En avril 1929, la République française bruisse d’un débat lourd de menaces pour la satire. Le gouvernement Poincaré, sous l’impulsion du ministre de la Justice Louis Barthou et du président du Conseil André Tardieu, dépose un projet de loi “réformant” les délits de presse — officiellement pour lutter contre la diffamation, le chantage et la calomnie. En réalité, la loi vise à resserrer l’étau sur les journaux irrévérencieux, ces “feuilles” qui, depuis l’affaire Hanau, multiplient les révélations embarrassantes et les moqueries contre les gouvernants.
Le Canard enchaîné ne pouvait pas rester coi. L’édition du 10 avril 1929 consacre sa une entière à ce qu’il perçoit comme une loi de muselière. Deux signatures majeures s’y côtoient : Pierre Bénard, l’ironie subtile et rieuse, et Pierre Scize, la colère argumentée et ciselée.
Bénard : l’humour pour échapper à la censure
Dans son texte intitulé « De la manière d’adapter les textes à la nouvelle loi Barthou sur la presse », Pierre Bénard s’empare du sujet avec la légèreté trompeuse d’un humoriste. Il oppose un “avant” et un “après” fictifs, montrant comment il faudra bientôt réécrire les brèves du Canard pour qu’elles échappent aux tribunaux.
Ainsi, avant la loi, on pouvait écrire :
« M. Loucheur est tout en or. »
« M. Barthe n’est rouge que par son vin. »
« M. Le Guen est le recordman de la buvette. »
Mais après Barthou, il faudra parler par euphémismes :
« Pourquoi voulez-vous que M. Loucheur soit tout en or ? Tous les bons Français ont déposé le leur à la Banque de France. »
« M. Barthe est le seul défenseur de la vigne. »
« M. Le Guen n’est ni blanc, ni rouge. Il est noir. »
Sous le rire, Bénard démonte le mécanisme de l’autocensure : l’art de tout dire sans rien dire, de sauver la satire sous le voile du compliment ambigu. Ce “mode d’emploi” parodique met en lumière le danger réel : la loi ne frapperait pas seulement les diffamateurs, mais l’esprit lui-même — ce droit français au trait d’esprit corrosif, au second degré, au “mot qui tue”.

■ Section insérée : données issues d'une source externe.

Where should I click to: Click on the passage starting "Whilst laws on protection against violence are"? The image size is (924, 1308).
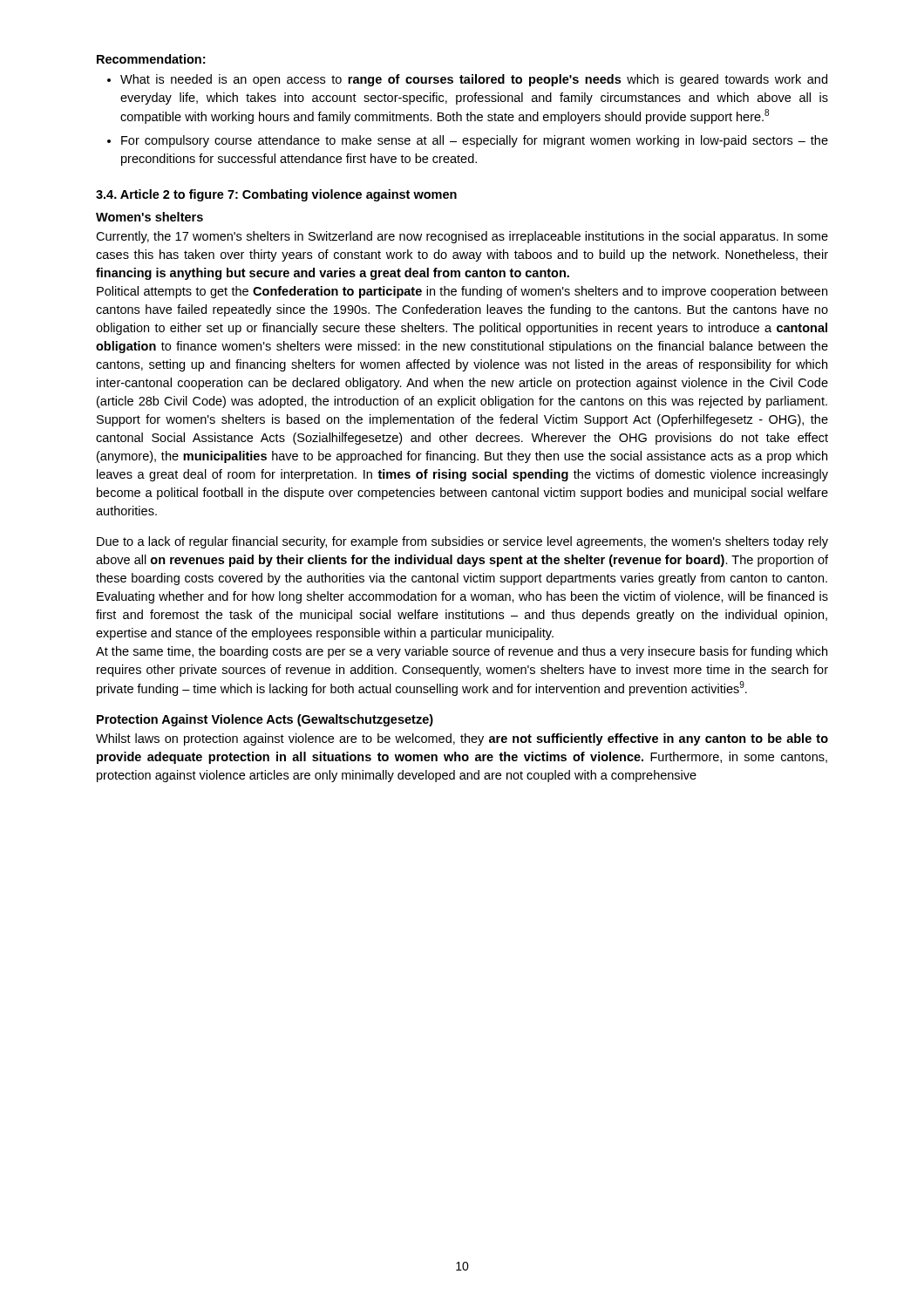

Scize : la défense du droit d’écrire librement
L’article de Pierre Scize, plus long et plus grave, prolonge cette ironie en manifeste. Sous le titre « À propos de la loi sur la presse », il s’adresse à Victor Snell, collaborateur du Canard, et signe une réflexion de haute volée sur la liberté d’expression.
Scize analyse le texte gouvernemental, qui prévoit de transformer les plaintes pour diffamation en procédures civiles accélérées : “une justice sans jury, sans publicité, sans appel populaire”. Il y voit un retour à l’arbitraire, une “arme aux mains d’un parti”, qui pourrait réduire au silence tout journal gênant.
« Le premier effet qu’on peut attendre de votre loi : un silence profond encourageant les canailles, le triomphe de la presse servile, le bâillon sur les bouches indignées. »
Scize s’élève contre l’idée d’une “presse morale” que voudrait imposer Barthou. Il rappelle que les lois de circonstance sont toujours des lois de vengeance — faites, écrit-il, “pour venger Barthou de Maurras, Malvy de Daudet, et le Parlement de Coty.” Sa conclusion, d’une élégance tragique, sonne comme un testament de la satire française :
« Cette liberté, qui était notre principe et notre bien, voit son astre s’obscurcir. […] On n’excuse plus de tout dire, même quand on le dit avec esprit. »
Une leçon d’esprit républicain
À travers ces deux textes, Le Canard enchaîné démontre sa double force : le rire et la raison. Bénard sape la loi par la moquerie, Scize la démonte par l’argument. Ensemble, ils affirment que la liberté de la presse n’est pas une faveur, mais une condition vitale de la démocratie — surtout quand le pouvoir se prétend vertueux.
Leur cible, Barthou, finira par se défendre mollement : la loi, disait-il, “ne vise pas les bons journaux, mais les mauvais”. Ce qui, pour le Canard, revenait à tout dire.
Car, comme l’écrivait Scize, “le droit de tout dire, pourvu qu’on le dise avec esprit”, c’était bien cela, la lex canardica — cette vieille loi non écrite que ni Barthou, ni Tardieu, ni aucun Duce de France n’a jamais pu abroger.